Shodair Children's Hospital in Helena, located around 100 miles away, had to cut in half the number of patients it took due to a lack of staff. To accommodate growing demand, this hospital is building a new, state-of-the-art facility costing $66 million; it is the only inpatient psychiatric hospital for children in Montana.
Hospital CEO Craig Aasved claimed that about two years ago, the 74-bed facility reduced staffing rather than hiring contract workers so that they would have room to confine patients in the event of a covid outbreak. Aasved has indicated that he is working feverishly to open a second unit. For a company like Shodair that has never before relied on temporary workers, he claims that four people have been hired in the past several months.
Aasved remarked, It's a double whammy: we lost revenue because we've closed beds, and then you've got the additional expense for travelers on top of that. Although eliminating layoffs and furloughs is a priority, business as usual simply cannot be maintained indefinitely.

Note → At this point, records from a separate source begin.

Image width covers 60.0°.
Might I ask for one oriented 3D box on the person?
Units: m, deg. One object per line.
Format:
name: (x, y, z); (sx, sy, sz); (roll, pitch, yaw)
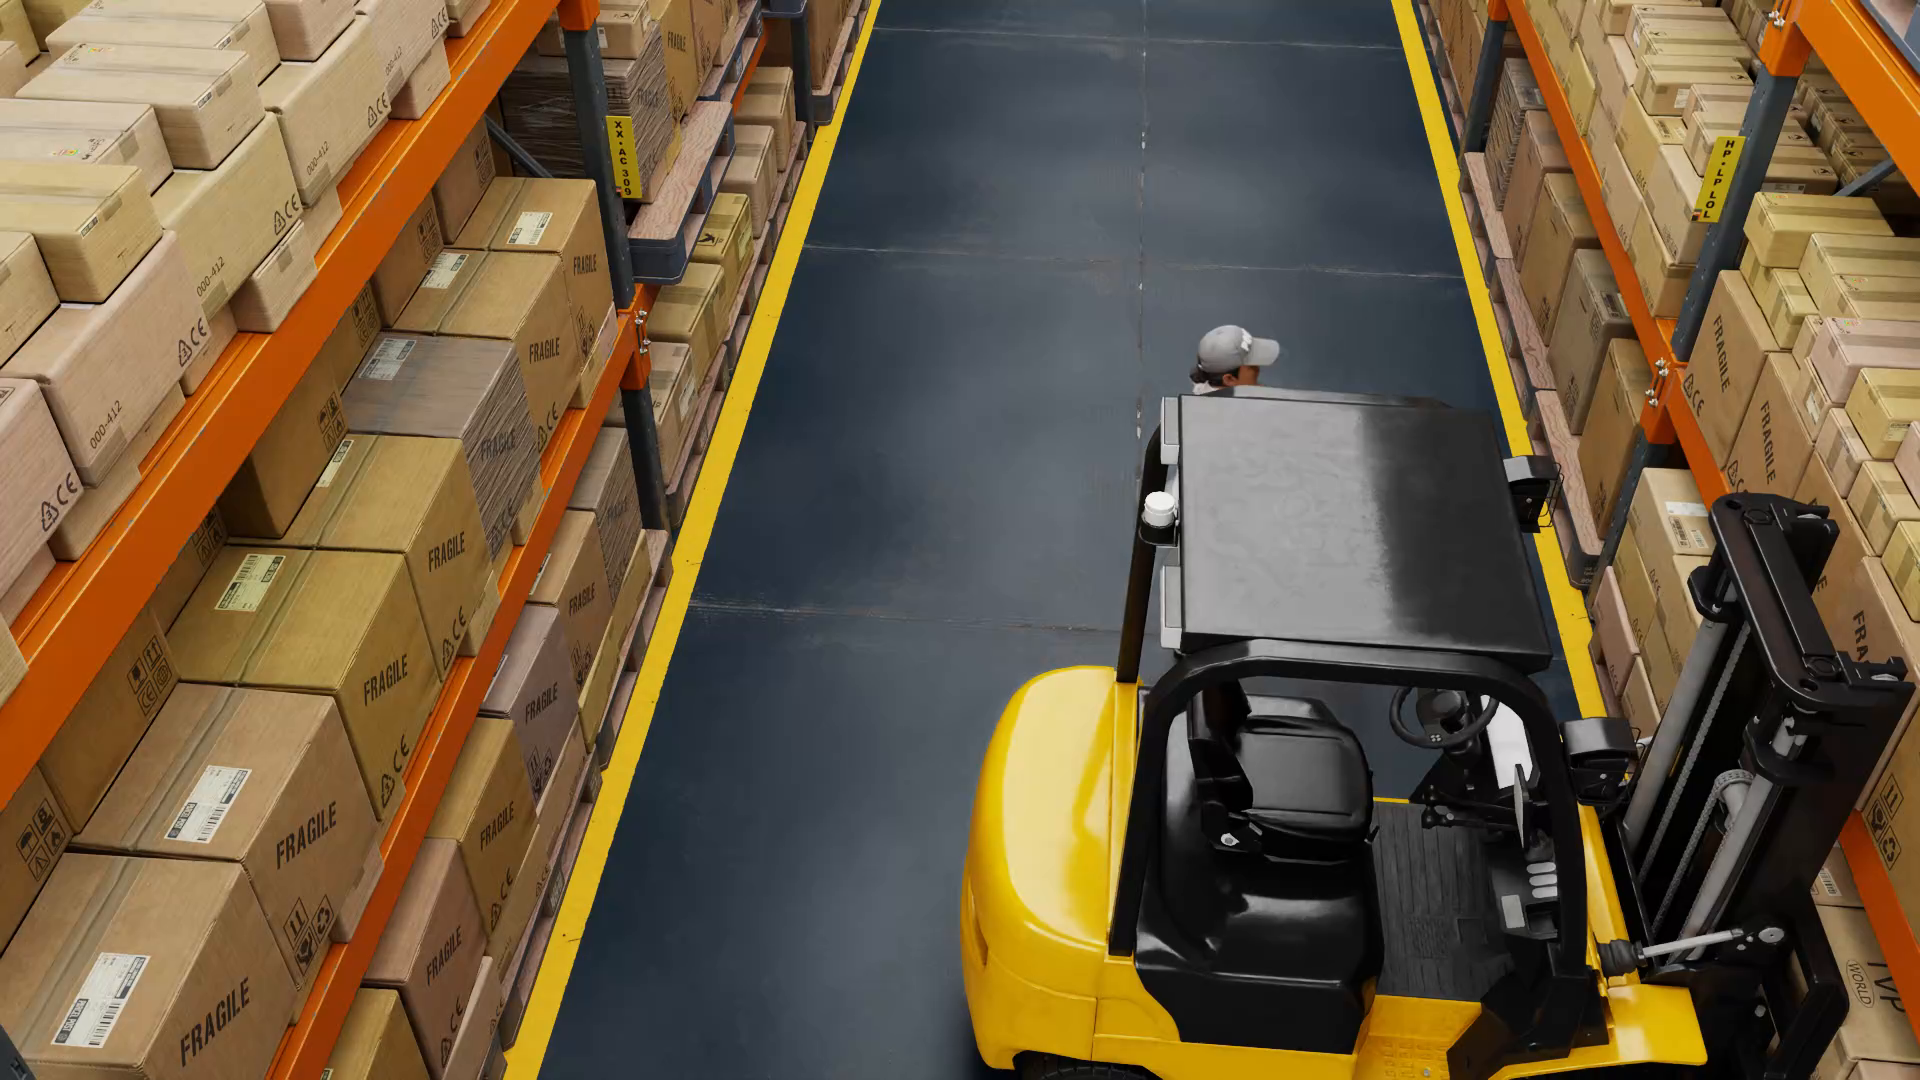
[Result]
person: (1.060, -0.080, 6.257); (0.535, 1.653, 0.452); (4, 40, 4)

He explained that about six months ago, in an effort to recruit new nurses, the hospital launched a residency program for those already working in the field. Yet, those measures haven't produced swift results.
Similarly, St. Peter's Health CEO Wade Johnson revealed that the hospital had reduced service hours and closed a portion of its inpatient unit due to a lack of staff. There are still unused beds available.
Some hospital administrators are considering using iPad-based food ordering systems so that patients no longer need to interact with staff members to place their orders.